At the end of the course students should be familiar with common techniques in rendering and find their way around the current state-of-the-art of the field. Furthermore the exercises should deepen the attendees' understanding of the basic principles of light transport and enable them to write a simple rendering program themselves.

Subject of the course

  • Rendering theory
    Basic optics, rendering equation, filtering
  • Rendering algorithms
    Ray tracing, radiosity, (bi-directional) path tracing, Metropolis light transport, precomputed radiance transfer, (stochastic progressive) photon mapping, irradiance caching, path space regularization, vertex connection and merging
  • Acceleration techniques
    Spatial hierarchies, sampling strategies,
  • Surface representations
    BRDF models: Lambert, Phong, Oren-Nayar, Cook-Torrance, Ashikhmin-Shirley
  • Participating media
    Scattering, volumetric photon mapping, photon beams
  • Higher dimensional effects
    Motion blur, depth of field
  • Camera models
    Pinhole, Perspective, Orthographic
  • Post processing
    HDR, tone mapping

Subject to refinement.

Additional Information

Literature

  • Physically Based Rendering, Third Edition: From Theory To Implementation, M. Pharr and G. Humphreys, Homepage, ACM
    The main book of the lecture (referred to as PBRT).
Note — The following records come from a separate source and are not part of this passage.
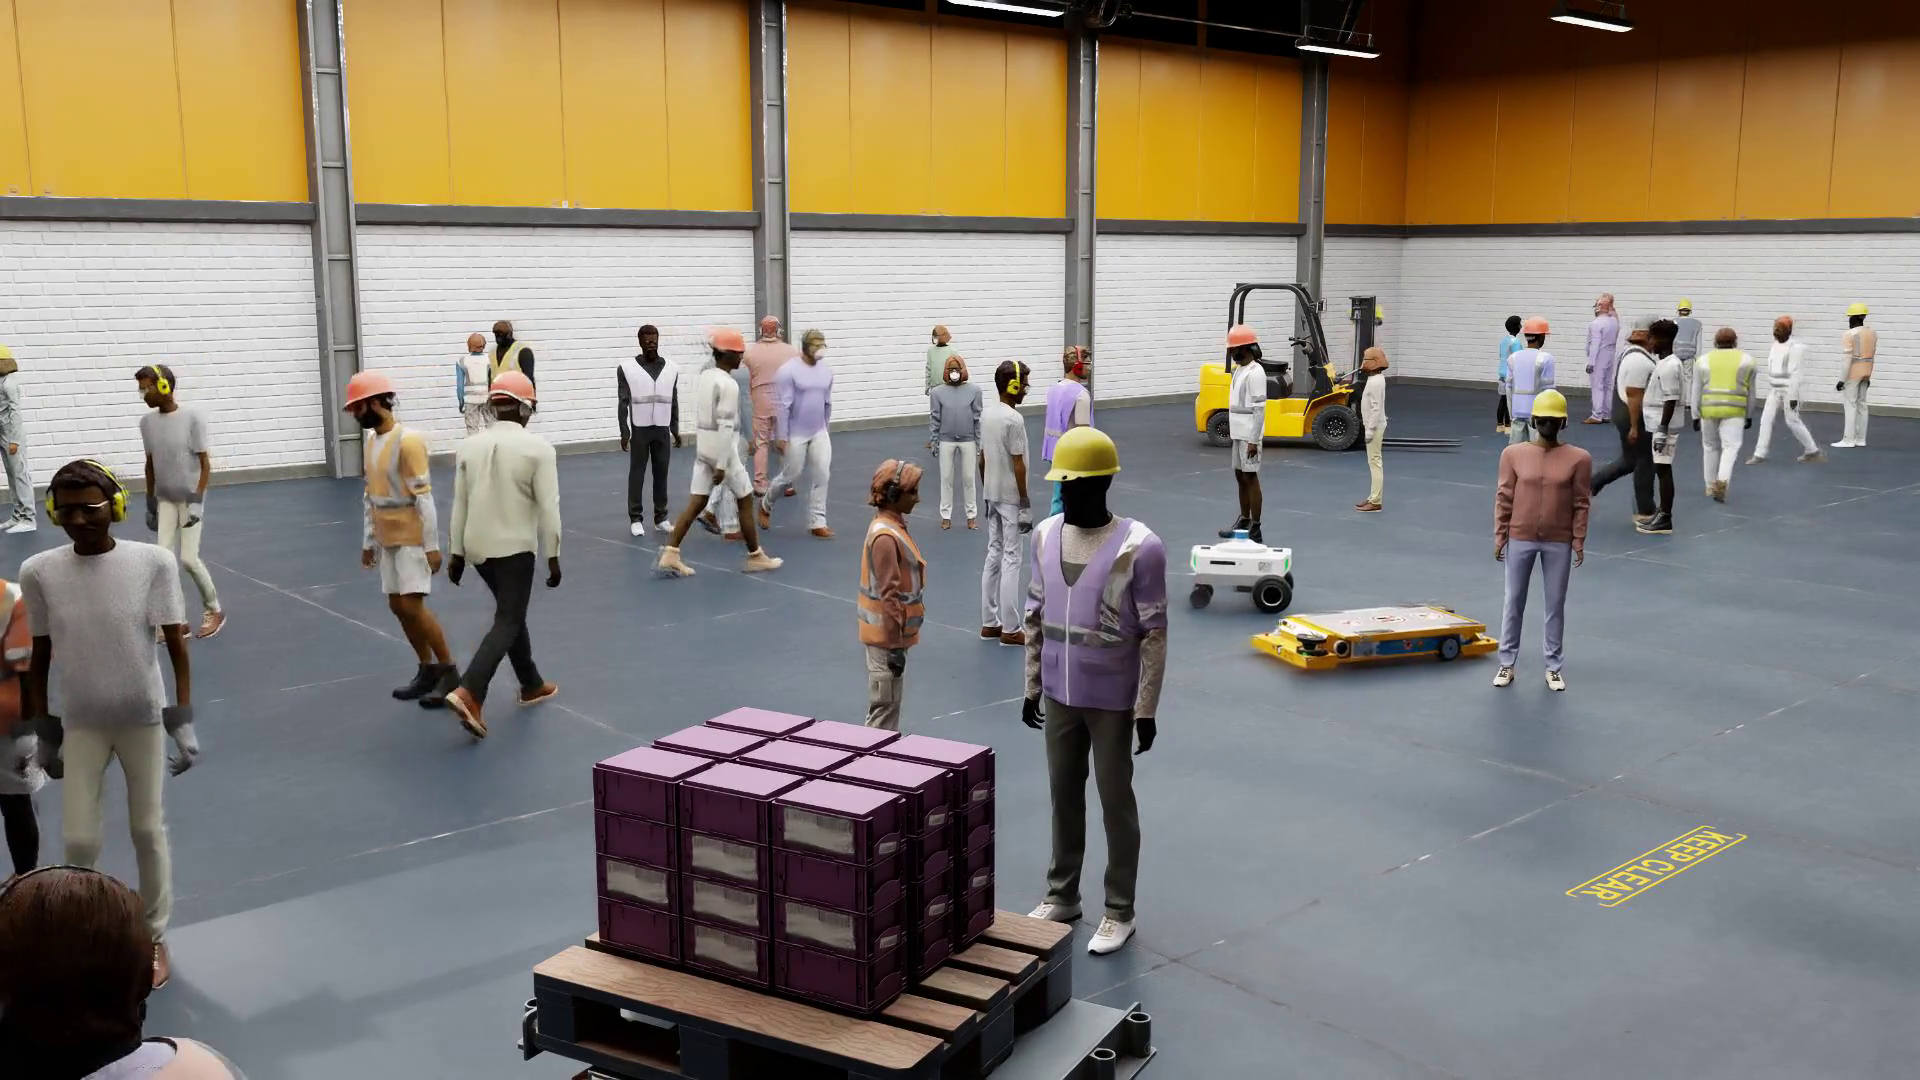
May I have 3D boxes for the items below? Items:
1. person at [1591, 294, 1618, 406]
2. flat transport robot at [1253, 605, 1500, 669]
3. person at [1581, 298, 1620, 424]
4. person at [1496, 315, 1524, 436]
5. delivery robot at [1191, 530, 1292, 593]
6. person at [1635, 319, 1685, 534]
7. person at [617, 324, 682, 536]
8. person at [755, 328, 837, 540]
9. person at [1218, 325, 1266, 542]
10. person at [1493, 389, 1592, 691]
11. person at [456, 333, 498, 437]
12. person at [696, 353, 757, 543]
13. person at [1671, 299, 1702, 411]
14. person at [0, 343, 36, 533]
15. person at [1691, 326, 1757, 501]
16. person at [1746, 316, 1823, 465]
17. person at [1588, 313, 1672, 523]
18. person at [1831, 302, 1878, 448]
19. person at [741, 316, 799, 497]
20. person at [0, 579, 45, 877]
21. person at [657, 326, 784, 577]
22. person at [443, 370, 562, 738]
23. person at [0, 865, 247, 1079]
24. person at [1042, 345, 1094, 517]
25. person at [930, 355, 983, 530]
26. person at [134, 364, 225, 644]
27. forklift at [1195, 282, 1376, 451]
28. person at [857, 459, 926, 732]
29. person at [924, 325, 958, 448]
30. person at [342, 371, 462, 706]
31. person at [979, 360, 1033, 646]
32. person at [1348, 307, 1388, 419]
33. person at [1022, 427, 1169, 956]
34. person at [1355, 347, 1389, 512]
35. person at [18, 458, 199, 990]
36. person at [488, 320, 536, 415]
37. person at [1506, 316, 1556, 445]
[{"bbox_3d":[10.874,-3.195,28.132,0.405,1.892,0.723,3,10,19],"label":"person"},{"bbox_3d":[2.660,0.602,10.586,1.431,0.197,0.652,-3,10,-19],"label":"flat transport robot"},{"bbox_3d":[9.662,-2.701,25.147,0.646,1.907,0.401,-8,12,-39],"label":"person"},{"bbox_3d":[7.803,-2.324,23.542,0.315,1.700,0.541,-1,10,-5],"label":"person"},{"bbox_3d":[2.030,0.170,12.016,0.707,0.478,0.477,2,10,12],"label":"delivery robot"},{"bbox_3d":[6.437,-1.038,15.242,0.367,1.963,0.609,4,11,24],"label":"person"},{"bbox_3d":[-2.839,-1.008,15.200,0.597,1.916,0.371,-7,12,-34],"label":"person"},{"bbox_3d":[-1.470,-0.962,15.003,0.653,1.908,0.817,-9,13,-42],"label":"person"},{"bbox_3d":[2.500,-0.933,14.729,0.379,1.927,0.550,-2,10,-9],"label":"person"},{"bbox_3d":[3.396,0.000,9.736,0.525,1.771,0.305,3,10,17],"label":"person"},{"bbox_3d":[-5.609,-1.594,19.438,0.512,1.642,0.311,-2,10,-12],"label":"person"},{"bbox_3d":[-2.070,-0.928,14.763,0.480,1.907,0.720,-8,13,-41],"label":"person"},{"bbox_3d":[11.811,-3.021,27.237,0.600,1.830,0.404,1,10,8],"label":"person"},{"bbox_3d":[-8.760,-0.937,15.293,0.312,1.744,0.487,-8,13,-40],"label":"person"},{"bbox_3d":[7.923,-1.315,17.308,0.619,1.815,0.846,6,11,31],"label":"person"},{"bbox_3d":[10.049,-1.805,20.158,0.923,1.834,0.622,-2,10,-11],"label":"person"},{"bbox_3d":[6.356,-1.174,15.813,0.816,2.000,0.699,3,10,16],"label":"person"},{"bbox_3d":[11.837,-2.176,22.021,0.593,1.921,0.387,-5,11,-26],"label":"person"},{"bbox_3d":[-1.986,-1.400,17.531,0.653,1.906,0.405,-1,10,-8],"label":"person"},{"bbox_3d":[-3.567,0.697,5.965,0.544,1.649,0.863,-1,10,-7],"label":"person"},{"bbox_3d":[-1.940,-0.685,13.134,1.038,1.997,0.615,-7,12,-36],"label":"person"},{"bbox_3d":[-2.504,0.056,8.999,0.643,1.928,1.070,3,10,19],"label":"person"},{"bbox_3d":[-1.021,1.312,1.969,0.433,1.809,0.741,-1,10,-7],"label":"person"},{"bbox_3d":[0.847,-0.591,12.969,0.374,1.843,0.568,-4,11,-24],"label":"person"},{"bbox_3d":[-0.032,-0.902,15.439,0.502,1.626,0.283,0,10,0],"label":"person"},{"bbox_3d":[-5.180,-0.242,10.947,0.531,1.828,0.435,2,10,10],"label":"person"},{"bbox_3d":[4.328,-2.346,22.227,2.313,2.155,1.214,3,10,16],"label":"forklift"},{"bbox_3d":[-0.305,0.454,7.452,0.311,1.640,0.514,0,10,-2],"label":"person"},{"bbox_3d":[-0.248,-2.003,21.857,0.509,1.632,0.272,7,12,34],"label":"person"},{"bbox_3d":[-3.183,-0.009,9.429,0.614,1.889,0.469,9,13,42],"label":"person"},{"bbox_3d":[0.315,-0.241,10.874,0.328,1.865,0.519,-6,11,-30],"label":"person"},{"bbox_3d":[6.381,-2.776,26.033,0.686,1.748,0.523,5,11,27],"label":"person"},{"bbox_3d":[0.464,0.545,6.082,0.595,1.925,0.371,8,13,39],"label":"person"},{"bbox_3d":[4.098,-1.095,16.538,0.278,1.634,0.498,3,10,15],"label":"person"},{"bbox_3d":[-2.886,0.647,5.684,0.527,1.861,0.420,-4,10,-20],"label":"person"},{"bbox_3d":[-5.059,-1.564,18.741,0.664,1.818,0.435,6,11,31],"label":"person"},{"bbox_3d":[5.722,-1.267,16.651,0.350,1.941,0.545,-7,12,-36],"label":"person"}]

  • Course on Monte-Carlo Methods in Global Illumination, L. Szirmay-Kalos, Link
    A free course scriptum that gives a detailed explanation of the mathematical foundations of Global Illumination.

Lecture slides


The whole course is now available in video!

Assignments

There will be 4 assignments throughout the semester.

Example exam questions

The first part of the exam consists of looking through your assignments. Then, the following kinds of questions will be discussed during the exam.
  • Explain how Photon Mapping works and draw an example run of the algorithm. What are the limitations of the algorithm? How do the advanced Photon Mapping variants address them?
  • Classify the main light transport algorithms we studied during the course according to their consistency and bias (biased/unbiased, consistent/inconsistent and why).
  • What is Next Event Estimation and how does it affect the convergence speed on indoors and outdoors scenes for a simple path tracer?
If you have a laptop/tablet with you with the files of your assignments, please bring all of them with you for the exam. In the absence of these devices, please print the assignments. This is mandatory.
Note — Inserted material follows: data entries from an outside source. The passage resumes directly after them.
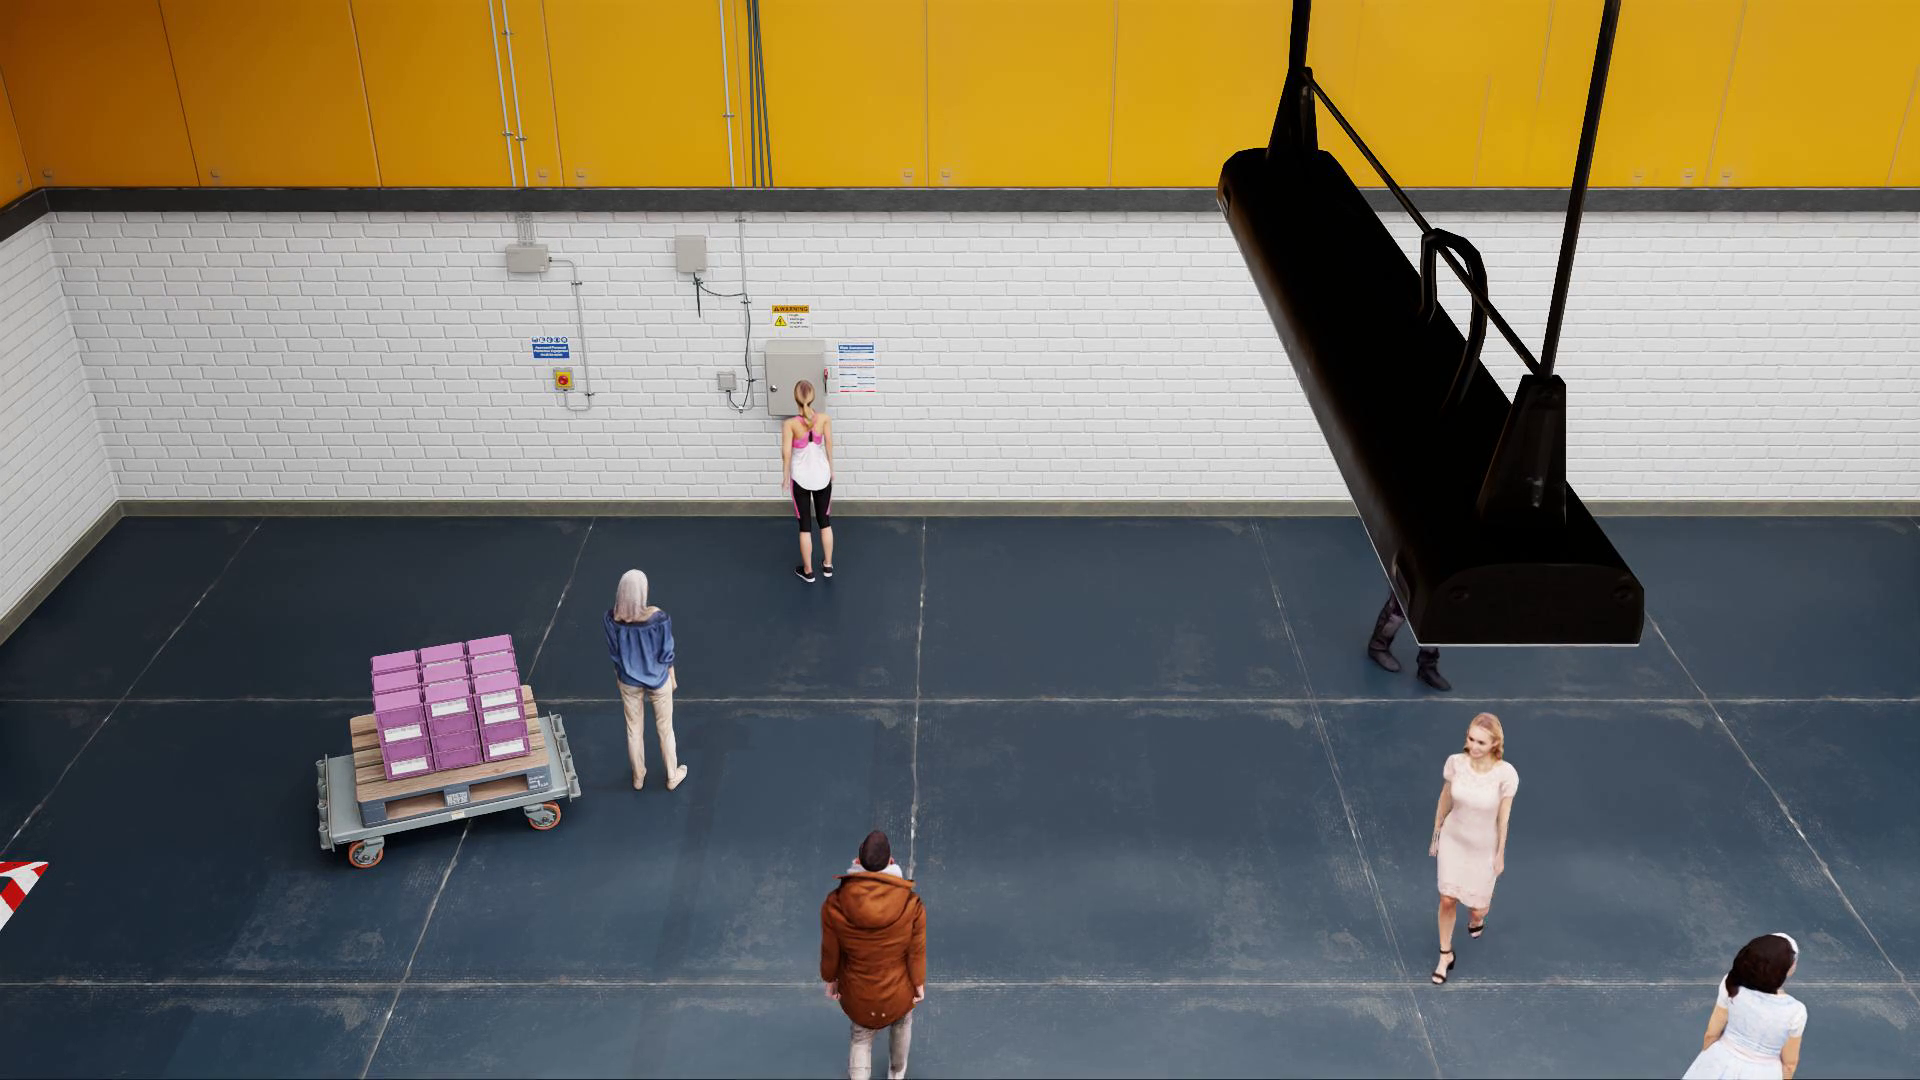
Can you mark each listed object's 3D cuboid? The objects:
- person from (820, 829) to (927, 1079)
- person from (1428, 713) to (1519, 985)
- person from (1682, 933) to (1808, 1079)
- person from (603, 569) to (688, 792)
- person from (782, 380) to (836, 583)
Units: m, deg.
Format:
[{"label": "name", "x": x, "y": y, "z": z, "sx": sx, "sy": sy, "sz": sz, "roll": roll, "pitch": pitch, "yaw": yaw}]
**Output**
[{"label": "person", "x": -0.428, "y": 2.338, "z": 8.561, "sx": 0.690, "sy": 1.811, "sz": 1.039, "roll": 0, "pitch": 29, "yaw": 0}, {"label": "person", "x": 2.982, "y": 1.751, "z": 9.630, "sx": 0.817, "sy": 1.817, "sz": 0.910, "roll": 18, "pitch": 33, "yaw": 30}, {"label": "person", "x": 3.755, "y": 2.637, "z": 8.010, "sx": 0.856, "sy": 1.814, "sz": 0.908, "roll": 21, "pitch": 35, "yaw": 34}, {"label": "person", "x": -2.128, "y": 0.948, "z": 11.228, "sx": 0.606, "sy": 1.698, "sz": 0.557, "roll": 1, "pitch": 29, "yaw": 2}, {"label": "person", "x": -1.237, "y": -0.487, "z": 13.766, "sx": 0.677, "sy": 1.787, "sz": 0.655, "roll": -12, "pitch": 31, "yaw": -20}]

You won't be asked any questions about topics that have not been covered by the lecture videos. If you spot any errors anywhere on the slides or in the videos, please write to us!

Historic Course Galleries

Credit goes to Blend Swap and textures.com for some of the models, textures and scene parts used in these galleries. We believe that these works are transformative - if you find an image where this is not the case, please let me know so I can try to rectify the situation.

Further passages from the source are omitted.